Mitchell Olenski

No. 60, 48, 82
- Position: Tackle

Personal information
- Born: January 13, 1920 Benton, Illinois, U.S.
- Died: June 13, 2000 (aged 80) Vestal, New York, U.S.
- Listed height: 6 ft 2 in (1.88 m)
- Listed weight: 235 lb (107 kg)

Career information
- High school: Union-Endicott (Endicott, New York)
- College: Alabama
- NFL draft: 1944 (9th round, 78th overall pick)

Career history
- Miami Seahawks (1946); Baltimore Colts (1947)*; Detroit Lions (1947);
- * Offseason or practice squad member only

Career NFL/AAFC statistics
- Games played: 26
- Games started: 18
- Stats at Pro Football Reference

= Mitchell Olenski =

American football player and coach (1920–2000)

Mitchell Olenski (January 13, 1920 – June 13, 2000) was an American football player and coach. Olenski played college football for the Alabama Crimson Tide, while serving in the Army at Fort Warren and then professionally with the Miami Seahawks and Detroit Lions. He also served as a coach for the Alabama Informals football team in their lone 1943 season and at Fort Warren in 1944 and 1945.

==University of Alabama==
Olenski played his first season with the Crimson Tide as a member of their freshmen team for the 1940 season. He then started at tackle for Alabama in both the 1941 and 1942 seasons.
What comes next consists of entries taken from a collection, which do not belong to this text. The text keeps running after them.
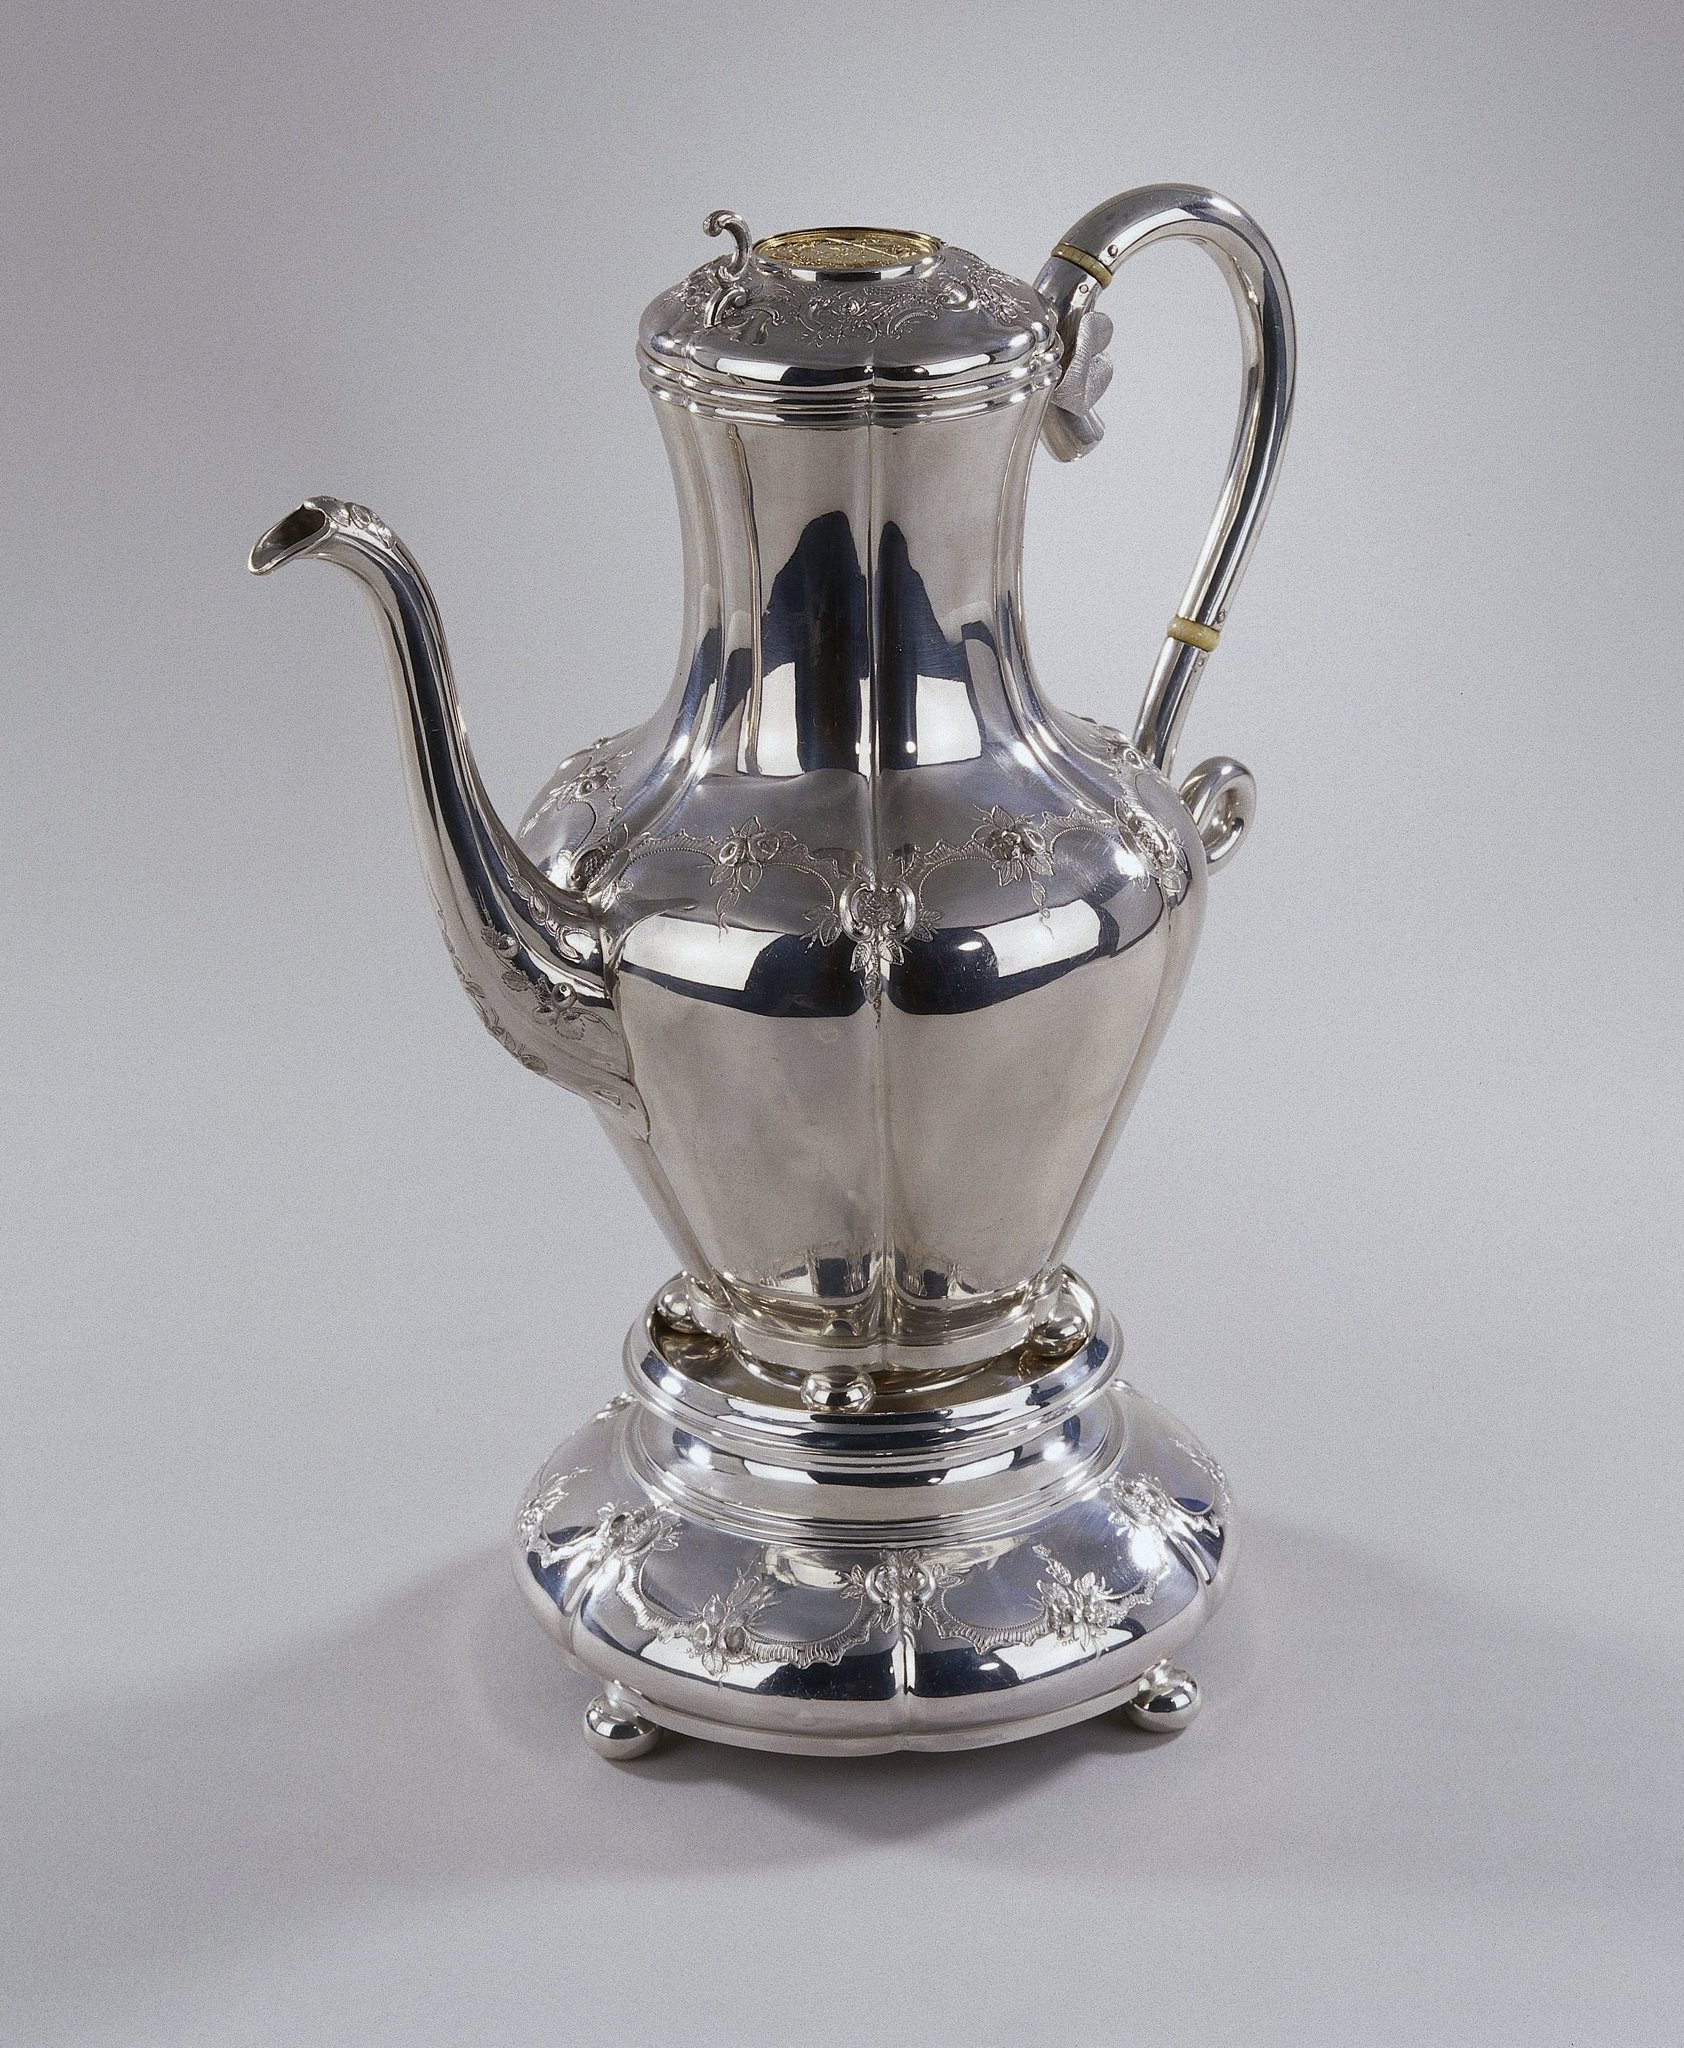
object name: coffee pot
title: Zilveren koffiepot uit een koffie- en theeservies van 11 delen dat toebehoorde aan J.D. Preuijt (1801-1887) aan hem gegeven bij zijn jubileum in 1873.
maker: pieter zöllner
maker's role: silversmith
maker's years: 1806-1894
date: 1872
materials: gold, ivory, silver
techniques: engraving
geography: rotterdam
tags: geervliet
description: Zilveren ronde koffiepot met geschulpte en gegraveerde ornamenten met bloemenmotieven. Een gouden penning is in het deksel gelegd en kan daaraan scharnieren. De penning is van de Hollandse maatschappij voor landbouw (1847): '1e prijs dragtige Vaarzen', 'J.D. Preuijt 's Gravenhage 1872'. Ivoren ringen in het hengsel. In de pot zit los een filter met handvat en daarin los een koffiestamper. Tussen handvat en deksel zijn twee bladeren bevestigd. De pot staat op vier pootjes.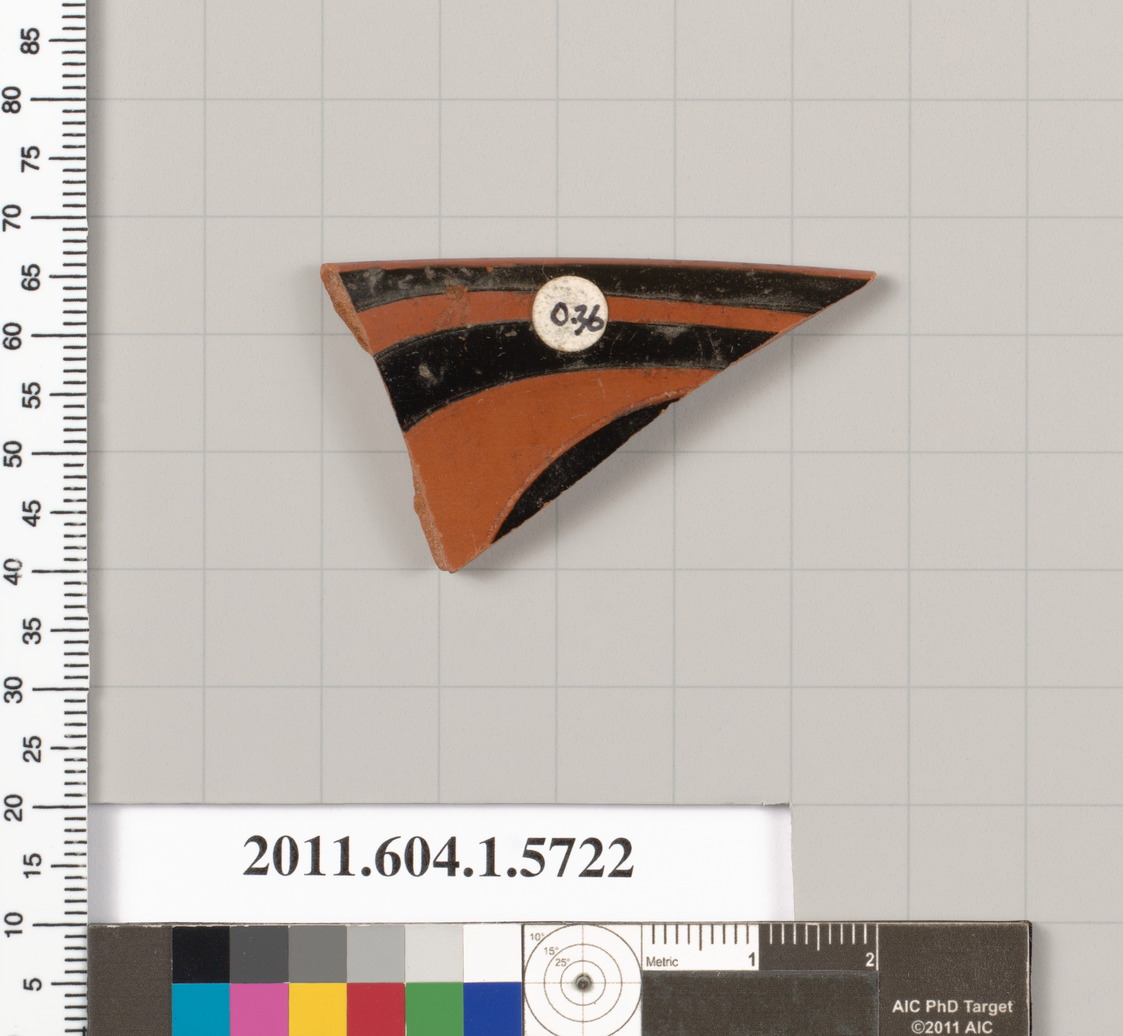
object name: kylix fragment, eye cup
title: Terracotta rim fragment of a kylix: eye-cup (drinking cup)
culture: greek, attic
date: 525-515 BCE
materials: terracotta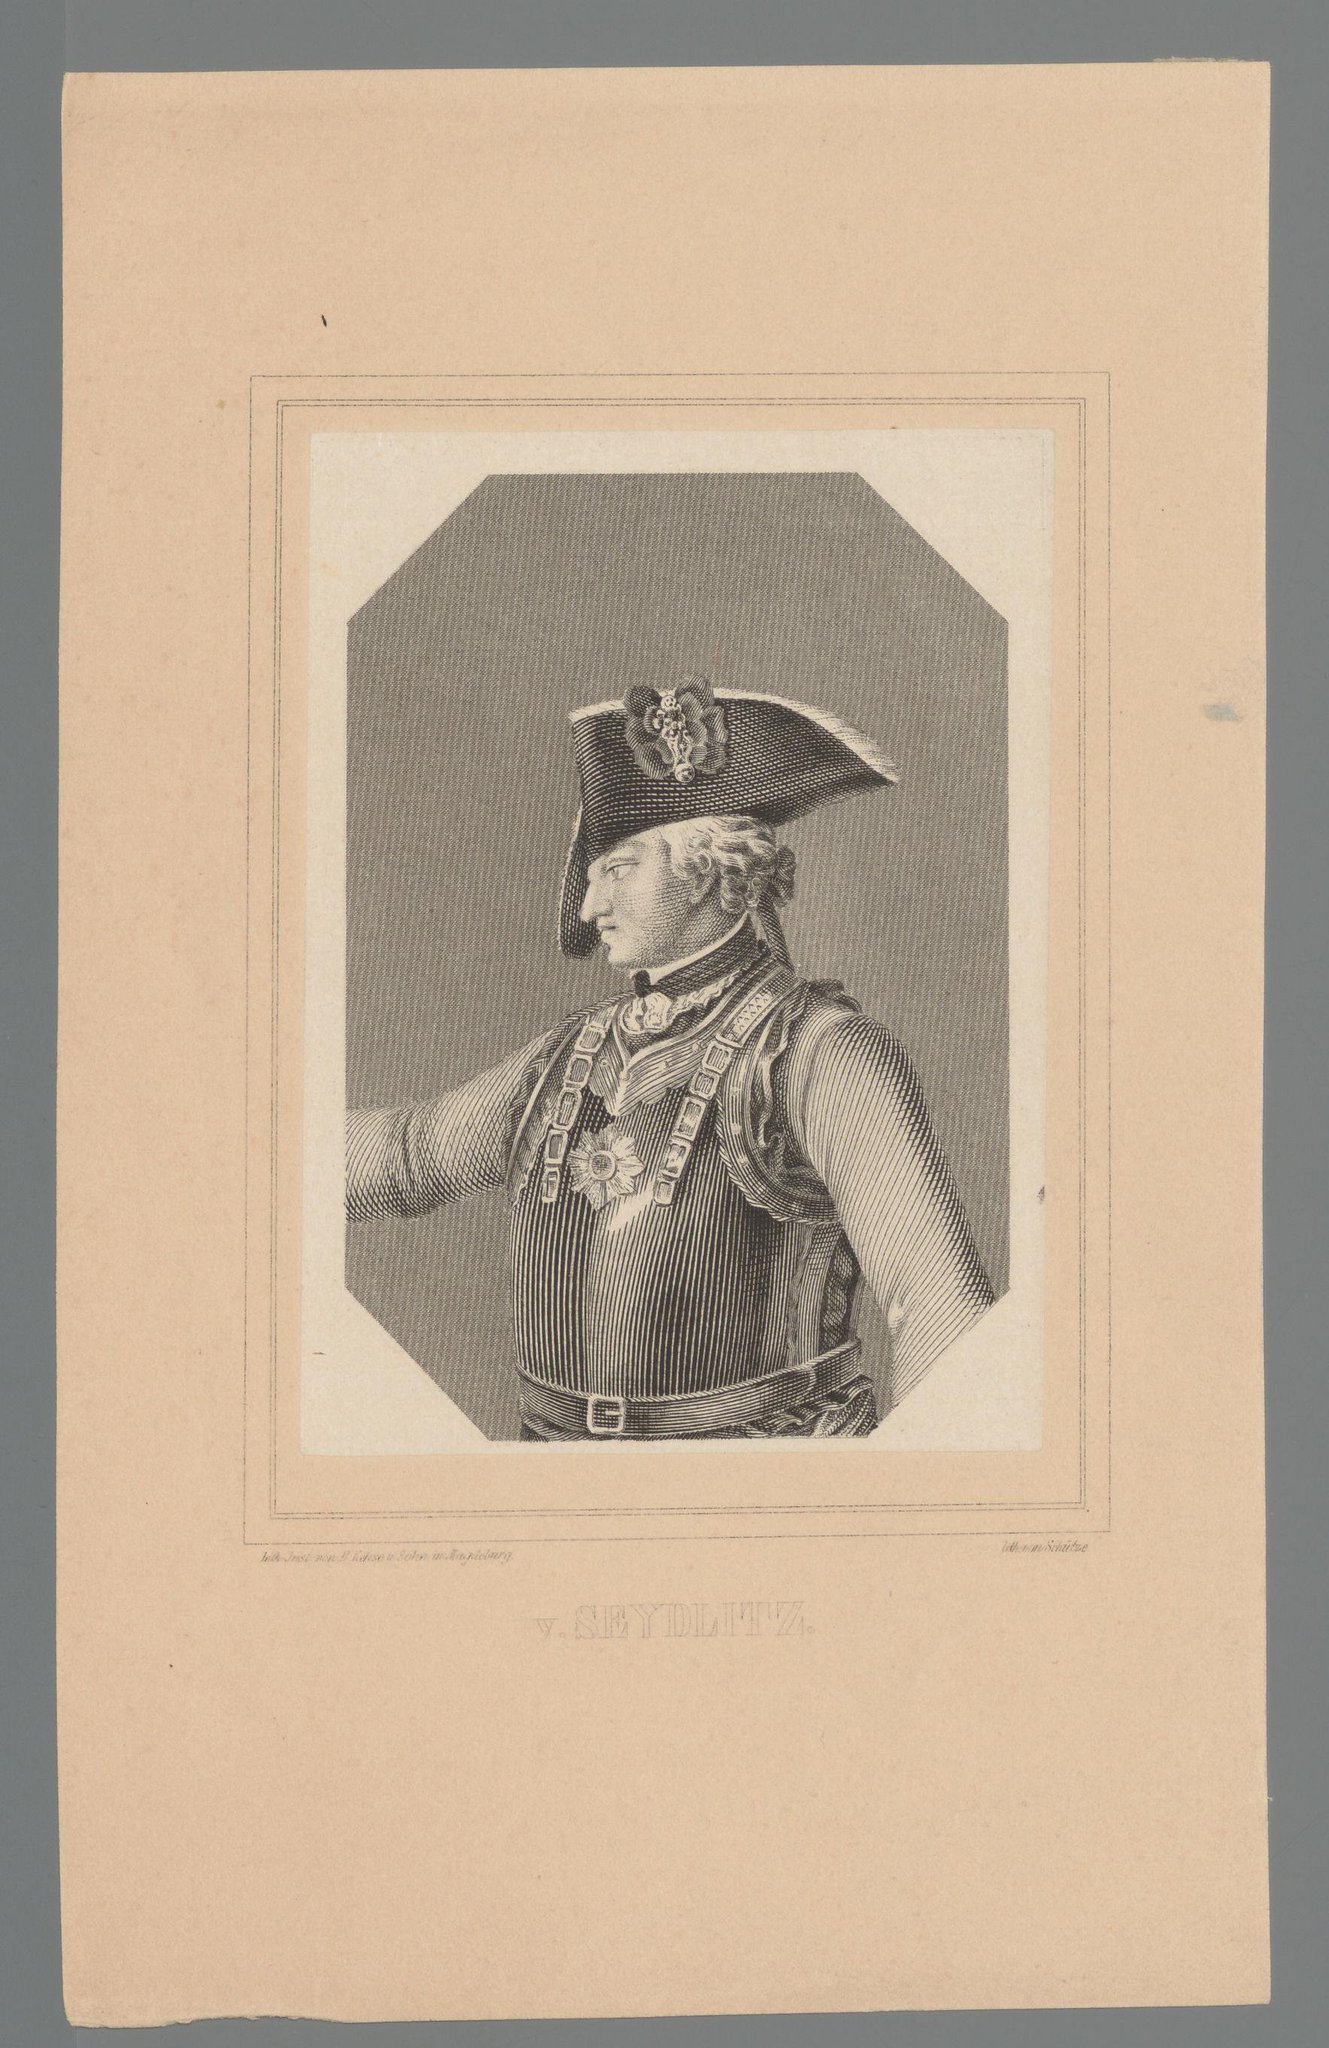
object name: print
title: Portret van Friedrich Wilhelm baron von Seydlitz
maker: h. schuetze
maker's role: print maker
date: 1830-1840
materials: paper
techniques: lithograph
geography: magdeburg
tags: kalkar, commander-in-chief, general, marshal, historical persons
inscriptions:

After the university canceled the 1943 season, Olenski served as a coach for the Alabama Informals. The squad was composed of 17-year-old and draft deferred students and after a loss to , the Informals defeated Marion Military Institute twice and finished the season with an overall record of two wins and one loss.

==Professional career==
Olenski was taken in the ninth round as the 78th overall pick in the 1944 NFL draft by the Brooklyn Tigers. He never played a game with the Tigers, and instead enlisted in United States Army. Olenski was stationed at Fort Warren in Cheyenne, Wyoming, where he also played defensive tackle and served as an assistant coach for the base team, the Fort Warren Broncos. For his performance on the field in 1944, Olenski was named to the 1944 All-Rocky Mountain Team.

On September 9, 1945, he was signed by the Miami Seahawks of the All-America Football Conference for their 1946 season for whom he would play after he finished the 1945 season at Fort Warren. With the Seahawks, Olenski played for one of his former coaches at Alabama, Hank Crisp, and was a starter at the tackle position for the duration of the season. After his first season in Miami, Olenski was signed by the Baltimore Colts in July 1947, but was subsequently cut on August 26. He was then signed by the Detroit Lions where he played tackle for their 1947 season.